Race, the way we have traditionally thought of it, is indeed a social construction. But whether racial groups are purely a biological myth is debatable. There are serious biologists who believe that race is a

useful framework

. Race may be a biological myth, but there is no unanimous consensus on this topic, and those who dissent from the position that it is a myth are not marginal cranks. 100 years ago almost everyone agreed that race was real, and that the consequences of race entailed that populations should be subject to different standards of treatment. Today almost no one agrees with the proposition that populations should be subject to different standards of treatment (besides racism-countering policies like affirmative action), but there is disagreement on whether race is real or not.

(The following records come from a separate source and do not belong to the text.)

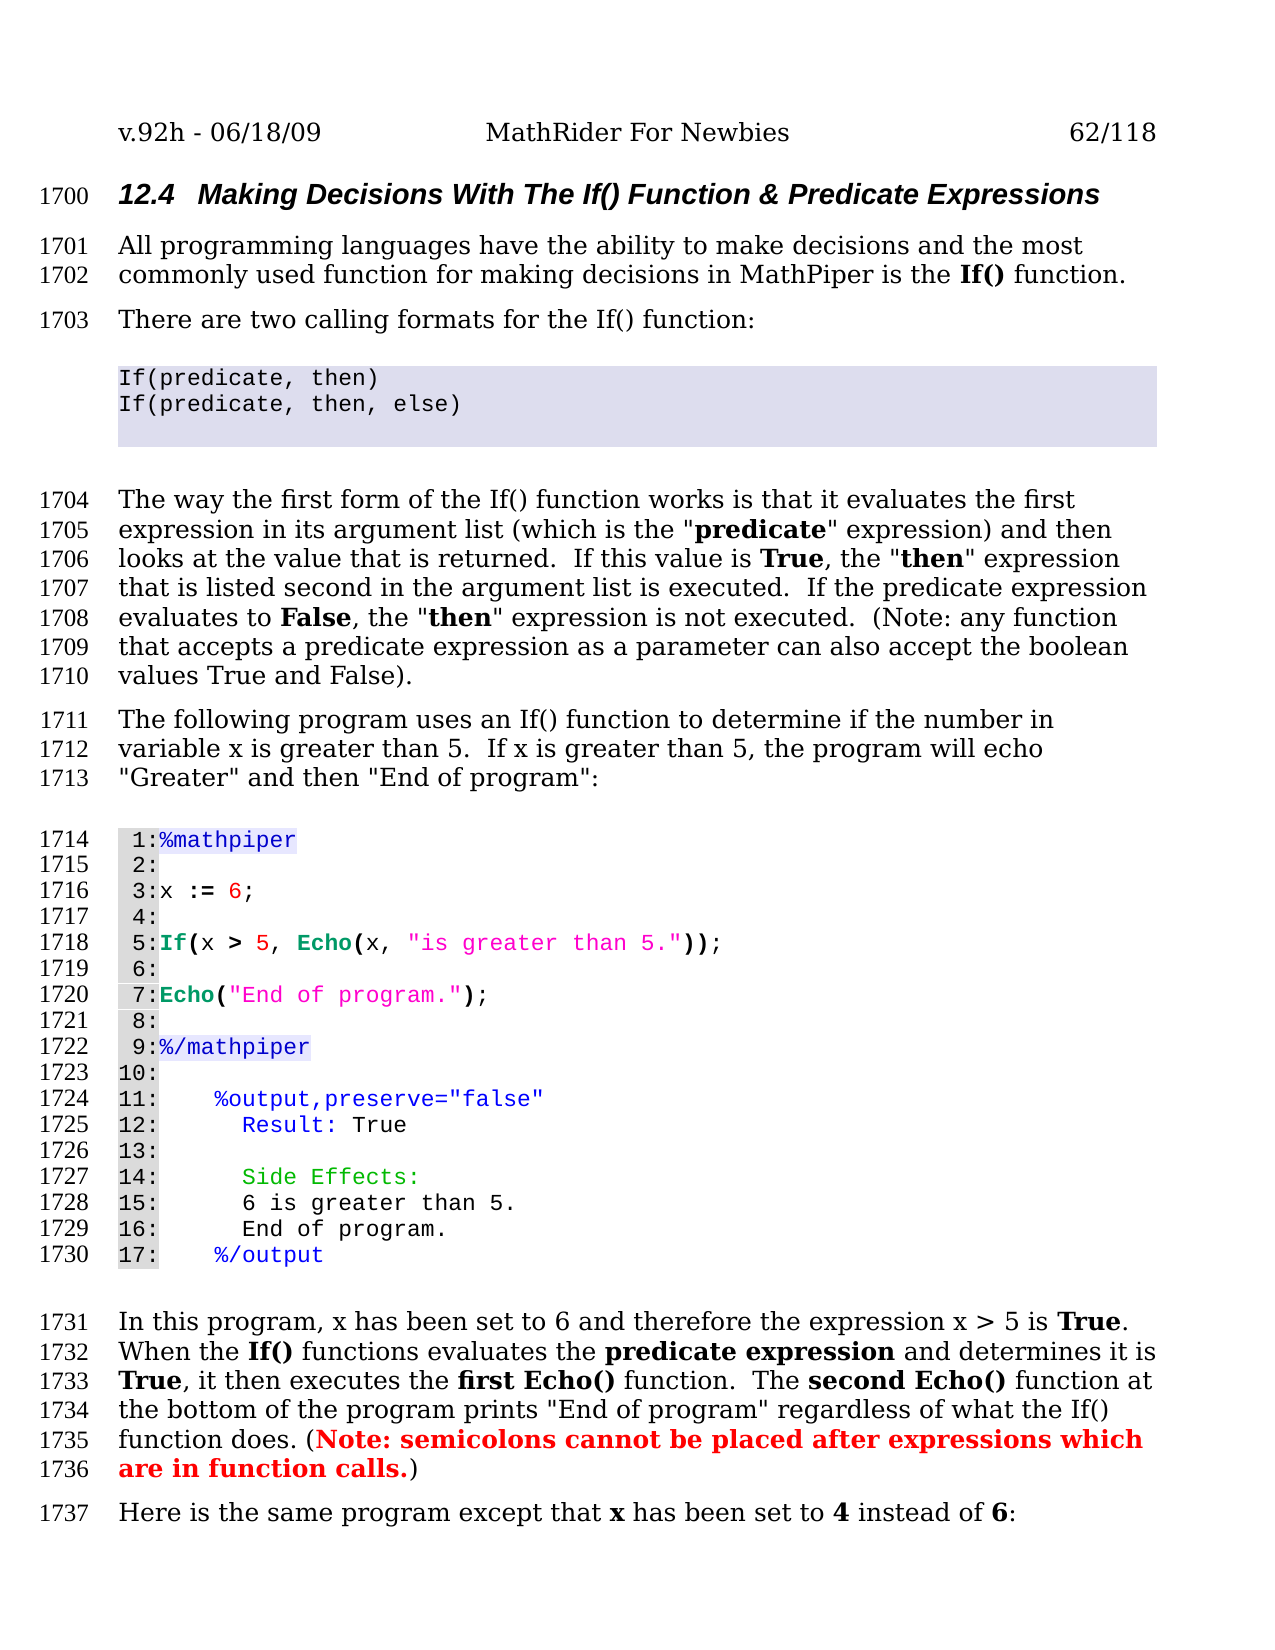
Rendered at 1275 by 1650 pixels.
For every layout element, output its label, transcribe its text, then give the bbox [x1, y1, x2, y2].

text 14: Side Effects: [118, 1165, 1157, 1191]
text 2: [118, 854, 1157, 880]
text 9:%/mathpiper [118, 1035, 1157, 1061]
subtitle Making Decisions With The If() Function & Predicate Expressions [118, 177, 1157, 210]
text 7:Echo("End of program."); [118, 983, 1157, 1009]
text 11: %output,preserve="false" [118, 1087, 1157, 1113]
text 17: %/output [118, 1243, 1157, 1269]
text 15: 6 is greater than 5. [118, 1191, 1157, 1217]
text 1:%mathpiper [118, 828, 1157, 854]
text 8: [118, 1009, 1157, 1035]
table_header If(predicate, then) If(predicate, then, else) [118, 366, 1157, 447]
text 5:If(x > 5, Echo(x, "is greater than 5.")); [118, 932, 1157, 958]
text Here is the same program except that x has been set to 4 instead of 6: [118, 1498, 1157, 1528]
text 13: [118, 1139, 1157, 1165]
text 12: Result: True [118, 1113, 1157, 1139]
text 4: [118, 906, 1157, 932]
text The following program uses an If() function to determine if the number in variable x is greater than 5. If x is greater than 5, the program will echo "Greater" and then "End of program": [118, 705, 1157, 793]
text 3:x := 6; [118, 880, 1157, 906]
text In this program, x has been set to 6 and therefore the expression x > 5 is True. When the If() functions evaluates the predicate expression and determines it is True, it then executes the first Echo() function. The second Echo() function at the bottom of the program prints "End of program" regardless of what the If() function does. (Note: semicolons cannot be placed after expressions which are in function calls.) [118, 1307, 1157, 1483]
text 6: [118, 958, 1157, 983]
text All programming languages have the ability to make decisions and the most commonly used function for making decisions in MathPiper is the If() function. [118, 231, 1157, 290]
text 16: End of program. [118, 1217, 1157, 1243]
text The way the first form of the If() function works is that it evaluates the first expression in its argument list (which is the "predicate" expression) and then looks at the value that is returned. If this value is True, the "then" expression that is listed second in the argument list is executed. If the predicate expression evaluates to False, the "then" expression is not executed. (Note: any function that accepts a predicate expression as a parameter can also accept the boolean values True and False). [118, 485, 1157, 690]
text 10: [118, 1061, 1157, 1087]
text There are two calling formats for the If() function: [118, 305, 1157, 334]
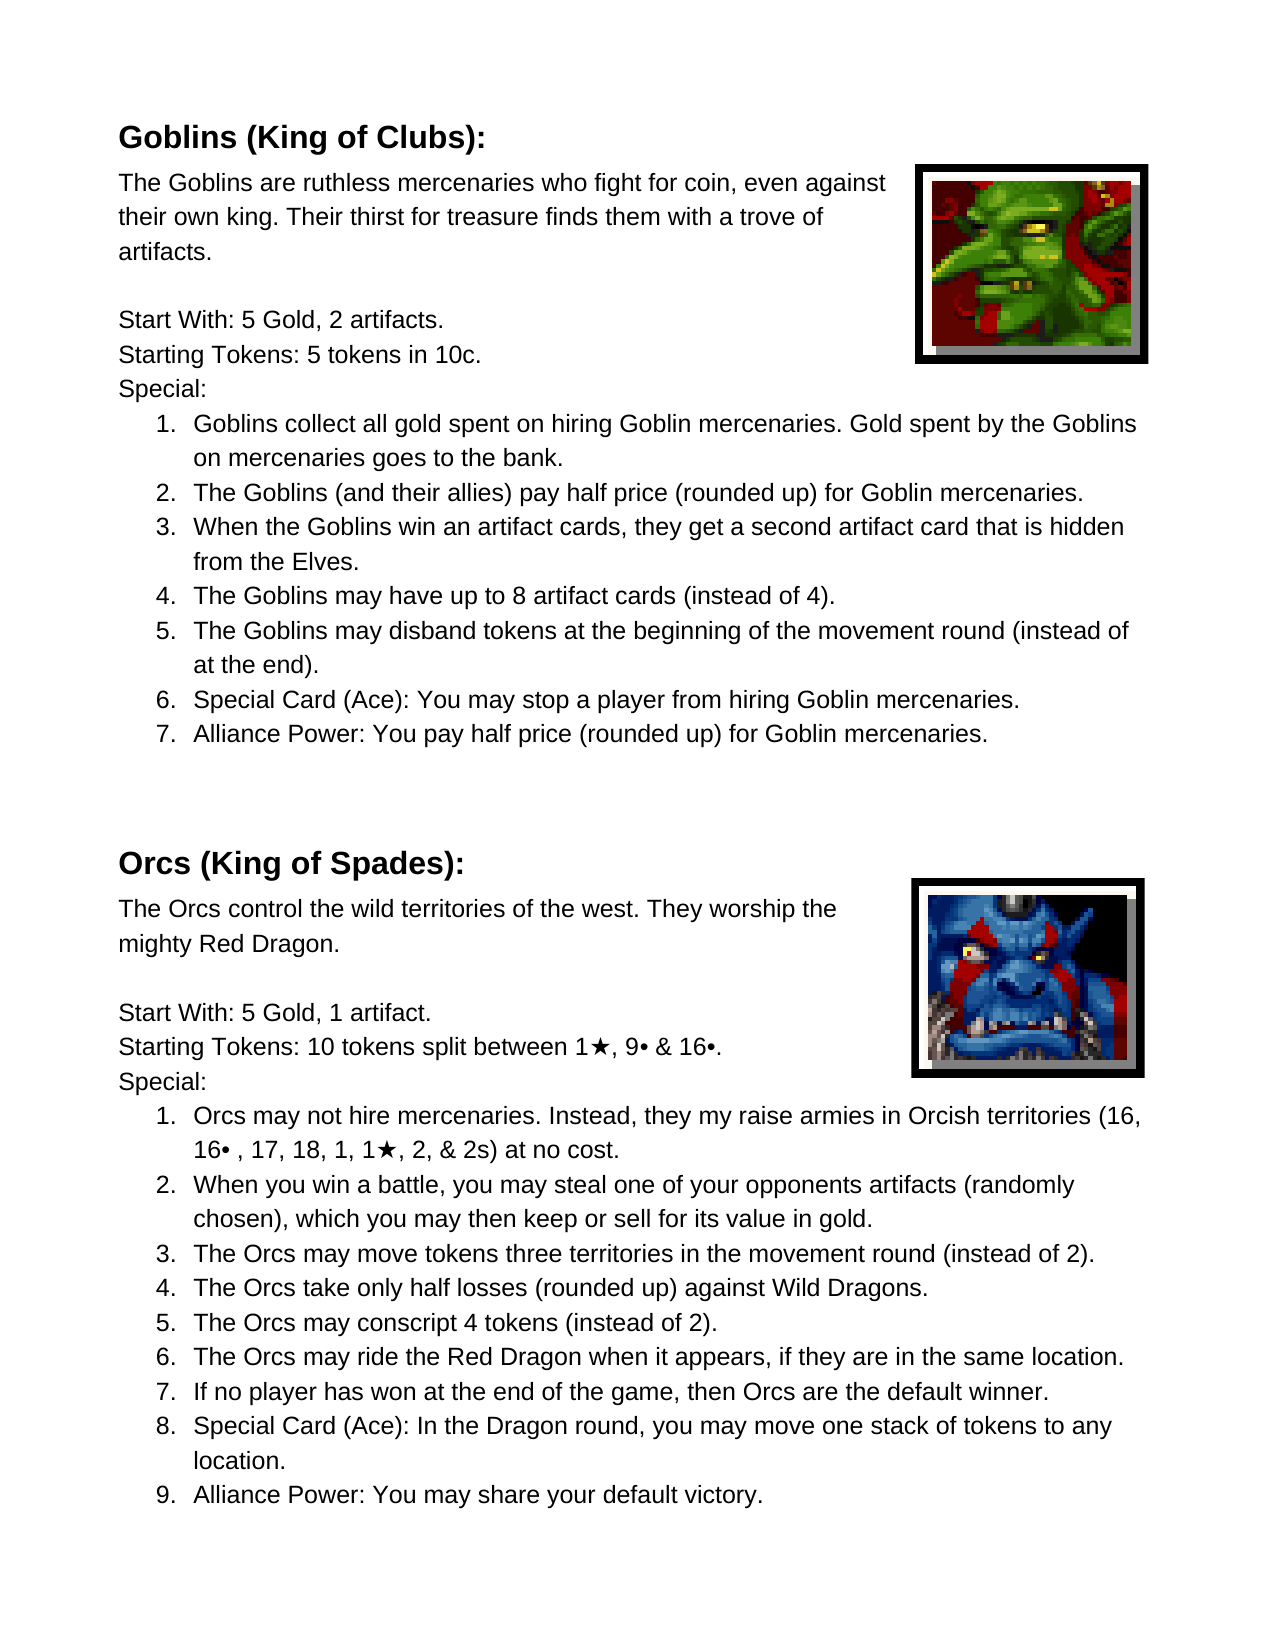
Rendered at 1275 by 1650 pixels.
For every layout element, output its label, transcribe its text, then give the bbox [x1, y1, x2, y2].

list The Goblins may have up to 8 artifact cards (instead of 4). [156, 581, 1157, 610]
list When the Goblins win an artifact cards, they get a second artifact card that is hidden from the Elves. [156, 512, 1157, 576]
list Special Card (Ace): You may stop a player from hiring Goblin mercenaries. [156, 685, 1157, 713]
text Starting Tokens: 5 tokens in 10c. [118, 340, 1157, 369]
text Start With: 5 Gold, 2 artifacts. [118, 305, 915, 334]
list Goblins collect all gold spent on hiring Goblin mercenaries. Gold spent by the Goblins on mercenaries goes to the bank. [156, 409, 1157, 472]
list When you win a battle, you may steal one of your opponents artifacts (randomly chosen), which you may then keep or sell for its value in gold. [156, 1170, 1157, 1233]
text The Orcs control the wild territories of the west. They worship the mighty Red Dragon. [118, 894, 911, 957]
list Alliance Power: You pay half price (rounded up) for Goblin mercenaries. [156, 719, 1157, 748]
text The Goblins are ruthless mercenaries who fight for coin, even against their own king. Their thirst for treasure finds them with a trove of artifacts. [118, 167, 915, 265]
list Special Card (Ace): In the Dragon round, you may move one stack of tokens to any location. [156, 1411, 1157, 1474]
picture [915, 164, 1149, 364]
list The Orcs may ride the Red Dragon when it appears, if they are in the same location. [156, 1342, 1157, 1371]
subtitle Goblins (King of Clubs): [118, 118, 1157, 155]
text Special: [118, 374, 1157, 403]
list Orcs may not hire mercenaries. Instead, they my raise armies in Orcish territories (16, 16• , 17, 18, 1, 1★, 2, & 2s) at no cost. [156, 1101, 1157, 1164]
list The Orcs may conscript 4 tokens (instead of 2). [156, 1308, 1157, 1337]
list If no player has won at the end of the game, then Orcs are the default winner. [156, 1377, 1157, 1406]
text Special: [118, 1066, 1157, 1095]
subtitle Orcs (King of Spades): [118, 845, 1157, 882]
list The Orcs may move tokens three territories in the movement round (instead of 2). [156, 1239, 1157, 1268]
list The Goblins may disband tokens at the beginning of the movement round (instead of at the end). [156, 616, 1157, 679]
picture [911, 878, 1145, 1078]
text Starting Tokens: 10 tokens split between 1★, 9• & 16•. [118, 1032, 911, 1061]
list The Goblins (and their allies) pay half price (rounded up) for Goblin mercenaries. [156, 478, 1157, 507]
list Alliance Power: You may share your default victory. [156, 1480, 1157, 1509]
list The Orcs take only half losses (rounded up) against Wild Dragons. [156, 1273, 1157, 1302]
text Start With: 5 Gold, 1 artifact. [118, 997, 911, 1026]

The key issue is to move beyond the term race. Rather, the question is this: does evolution apply to humans? If so, then we must remember that variation is the very stuff of evolution. Not only does variation emerge as an outcome of evolution, but it is the raw material of evolution. The creationist Duane Gish is wont to say that if you tell people they are animals, they will behave like animals. The reality is that humans are animals, but we are no less human for it. Similarly, people fear that if you admit that populations may be biologically different it may lead some to conclude that they are morally different. But the fact is that different populations are biologically different, and none are less human for it.